0

I am trying to convert a PDF file to an image format (ideally PNG), but some of the table lines do not render in the output, which is an issue since the purpose of my conversion is to use computer vision on it.

I unfortunately do not have access to the file used to generate the PDF.

Thank you in advance for your help!

Attached is the ghostscript rendering vs the actual pdf:

Original GhostScript

EDIT: Thanks for the answers. Here is what I had already tried:- ---

  • Changing the scaling & Changing the Antialiasing (I doubt that any combination of this will work in Ghostscript at this point)

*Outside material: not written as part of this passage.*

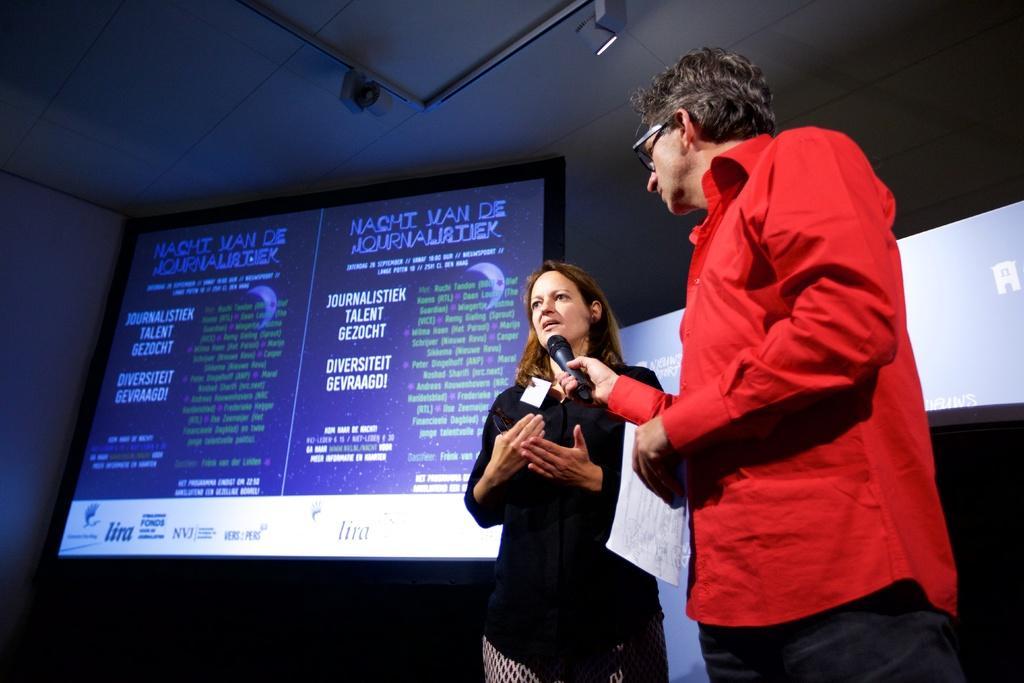Could you give a brief overview of what you see in this image? In this picture we can see a man, woman and man is holding a mic and in the background we can see screens, wall, roof and some objects.

  • Converting to PostScript and then to PNG/PDF

  • Saving from a Browser

  • Saving from various virtual printers to PDF

  • Using Poppler to do the rendering

All to no avail. Digging deeper, I found some interesting things which may be helpfull. Ghostscript does recognize the lines when using -sDevice=X11 and -sDevice=PS2Write (apologies for coding typos). That is, using Ghostscript to visualize the PDF does work, but not to process them into anything else than Postscript.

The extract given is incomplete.